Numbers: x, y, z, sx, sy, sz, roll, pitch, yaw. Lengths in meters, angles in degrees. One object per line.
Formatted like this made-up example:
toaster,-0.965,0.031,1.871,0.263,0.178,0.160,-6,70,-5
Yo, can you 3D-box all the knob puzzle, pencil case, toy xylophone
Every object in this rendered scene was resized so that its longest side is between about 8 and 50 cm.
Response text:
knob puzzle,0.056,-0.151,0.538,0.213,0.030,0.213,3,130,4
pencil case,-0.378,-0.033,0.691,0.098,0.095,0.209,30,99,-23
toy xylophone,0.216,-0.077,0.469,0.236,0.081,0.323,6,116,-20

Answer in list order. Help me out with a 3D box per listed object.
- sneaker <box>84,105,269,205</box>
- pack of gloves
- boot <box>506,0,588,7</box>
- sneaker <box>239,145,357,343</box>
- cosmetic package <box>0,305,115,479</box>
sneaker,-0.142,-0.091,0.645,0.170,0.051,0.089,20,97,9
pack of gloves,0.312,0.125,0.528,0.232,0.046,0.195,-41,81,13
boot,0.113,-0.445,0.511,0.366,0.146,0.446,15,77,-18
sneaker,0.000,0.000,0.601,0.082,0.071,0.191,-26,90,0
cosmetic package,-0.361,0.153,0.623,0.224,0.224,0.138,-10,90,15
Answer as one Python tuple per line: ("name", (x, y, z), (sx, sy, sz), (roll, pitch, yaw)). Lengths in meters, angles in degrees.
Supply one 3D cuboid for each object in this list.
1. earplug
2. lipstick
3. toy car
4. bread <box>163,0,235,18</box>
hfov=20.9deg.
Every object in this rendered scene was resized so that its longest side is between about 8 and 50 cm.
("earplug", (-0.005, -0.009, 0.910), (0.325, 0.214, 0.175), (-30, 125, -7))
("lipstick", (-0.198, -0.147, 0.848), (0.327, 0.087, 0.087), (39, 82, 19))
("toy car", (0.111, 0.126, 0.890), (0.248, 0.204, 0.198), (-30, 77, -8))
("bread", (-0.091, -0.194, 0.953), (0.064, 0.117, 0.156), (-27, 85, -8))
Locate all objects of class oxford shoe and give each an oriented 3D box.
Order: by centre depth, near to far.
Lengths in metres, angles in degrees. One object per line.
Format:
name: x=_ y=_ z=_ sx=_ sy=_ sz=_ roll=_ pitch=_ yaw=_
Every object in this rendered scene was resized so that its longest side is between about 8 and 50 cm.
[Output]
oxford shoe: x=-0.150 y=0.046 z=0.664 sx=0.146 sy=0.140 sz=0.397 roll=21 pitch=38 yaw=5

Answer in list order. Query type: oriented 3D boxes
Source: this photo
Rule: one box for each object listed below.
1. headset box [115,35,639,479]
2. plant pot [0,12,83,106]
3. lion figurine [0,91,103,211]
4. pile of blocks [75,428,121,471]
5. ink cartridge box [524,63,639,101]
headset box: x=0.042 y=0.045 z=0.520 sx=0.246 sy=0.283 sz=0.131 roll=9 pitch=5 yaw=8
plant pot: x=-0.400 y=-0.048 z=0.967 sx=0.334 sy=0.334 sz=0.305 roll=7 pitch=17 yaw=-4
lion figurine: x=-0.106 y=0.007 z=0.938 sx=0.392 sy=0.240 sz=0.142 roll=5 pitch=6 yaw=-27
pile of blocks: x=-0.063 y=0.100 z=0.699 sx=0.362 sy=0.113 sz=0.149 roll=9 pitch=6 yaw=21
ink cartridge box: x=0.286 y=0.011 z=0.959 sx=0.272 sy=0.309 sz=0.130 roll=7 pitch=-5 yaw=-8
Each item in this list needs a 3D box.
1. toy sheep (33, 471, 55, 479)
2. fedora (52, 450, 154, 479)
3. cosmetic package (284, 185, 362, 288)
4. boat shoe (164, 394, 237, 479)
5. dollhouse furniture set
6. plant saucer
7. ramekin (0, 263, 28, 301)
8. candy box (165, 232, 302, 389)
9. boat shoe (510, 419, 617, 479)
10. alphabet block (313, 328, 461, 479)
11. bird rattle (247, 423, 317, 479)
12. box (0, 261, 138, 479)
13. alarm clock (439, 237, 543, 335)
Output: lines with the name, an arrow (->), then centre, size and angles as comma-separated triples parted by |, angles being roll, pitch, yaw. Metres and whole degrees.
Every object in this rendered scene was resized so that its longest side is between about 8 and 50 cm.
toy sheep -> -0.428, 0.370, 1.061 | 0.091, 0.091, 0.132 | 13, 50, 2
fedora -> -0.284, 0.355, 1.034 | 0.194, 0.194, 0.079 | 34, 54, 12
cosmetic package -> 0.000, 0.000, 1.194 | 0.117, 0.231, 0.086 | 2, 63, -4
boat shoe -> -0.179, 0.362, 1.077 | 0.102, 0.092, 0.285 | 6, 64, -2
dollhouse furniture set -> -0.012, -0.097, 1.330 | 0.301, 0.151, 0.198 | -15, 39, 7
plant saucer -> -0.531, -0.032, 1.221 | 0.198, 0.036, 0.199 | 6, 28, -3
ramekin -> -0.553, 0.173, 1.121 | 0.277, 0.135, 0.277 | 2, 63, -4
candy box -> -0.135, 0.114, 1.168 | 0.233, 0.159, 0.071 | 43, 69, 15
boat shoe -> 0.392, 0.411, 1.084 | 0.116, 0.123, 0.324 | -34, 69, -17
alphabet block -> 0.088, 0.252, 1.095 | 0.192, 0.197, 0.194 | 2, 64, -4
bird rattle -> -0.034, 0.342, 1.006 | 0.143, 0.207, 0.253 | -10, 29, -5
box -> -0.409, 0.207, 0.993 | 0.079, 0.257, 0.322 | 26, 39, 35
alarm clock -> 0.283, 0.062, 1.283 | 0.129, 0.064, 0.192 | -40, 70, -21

◆ The problem
Check the lines above and copy each one that includes "Lengths".

◆ Answer below
Numbers: x, y, z, sx, sy, sz, roll, pitch, yaw. Lengths in meters, angles in degrees. One object per line.
Answer as one Python tuple per line: ("name", (x, y, z), (sx, sy, sz), (roll, pitch, yaw)). Lengths in meters, angles in degrees.
Lengths in metres, angles in degrees. One object per line.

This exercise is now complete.